October is Dyslexia Awareness Month

Surprisingly, 15-20% of the population has a language-based learning disability and over 65% of those are deficits in reading. Often, these go undiagnosed as students, parents, and teachers simply think the child is not a good reader, is lazy, or is disinterested. Thankfully, the International Dyslexia Association sponsors an annual Dyslexia Awareness Month in October aimed to expand comprehension of this little-understood language-based learning condition.

What is Dyslexia?

Dyslexia is a condition that affects people of all ages, male and female equally, and causes them to mix up letters and words they read making what for most is a joy-filled act challenging and frustrating.

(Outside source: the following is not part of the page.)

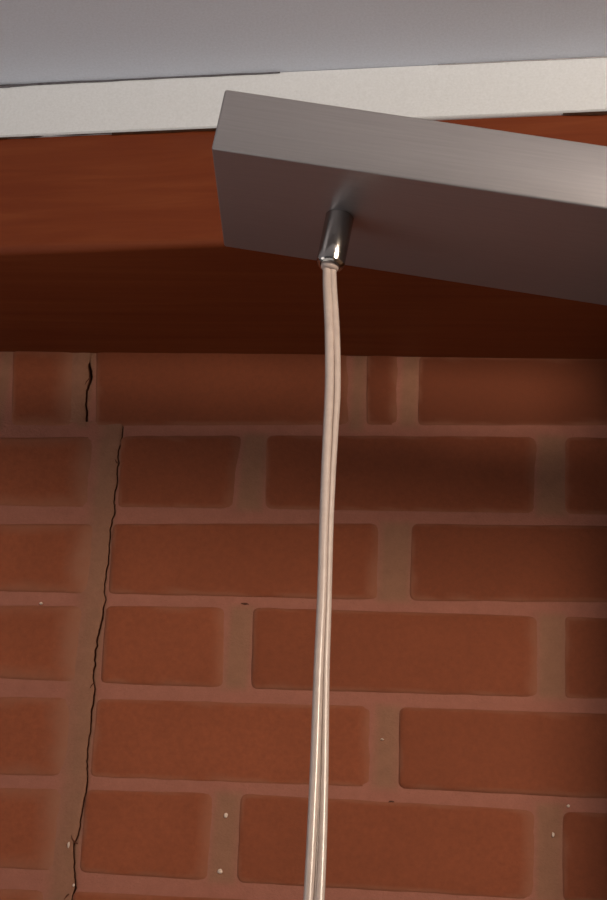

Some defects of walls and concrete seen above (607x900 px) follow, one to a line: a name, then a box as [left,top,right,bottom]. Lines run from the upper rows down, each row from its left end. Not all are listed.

“Dyslexia refers to a cluster of symptoms, that result in people having difficulties with specific language skills, particularly reading. Students with dyslexia often experience difficulties with both oral and written language skills. … It is referred to as a learning disability because dyslexia can make it very difficult for a student to succeed… ”

— the International Dyslexia Foundation

There is no cure for dyslexia. Individuals with this condition must instead develop coping strategies that help them work around their condition. In education, it is not uncommon to accommodate dyslexic students with special devices, additional time, varied format approaches (such as audio or video), and others. Most prominent educational testing centers (like SAT, ACT, PARC, and SBACC) make these available for most of the tests they offer.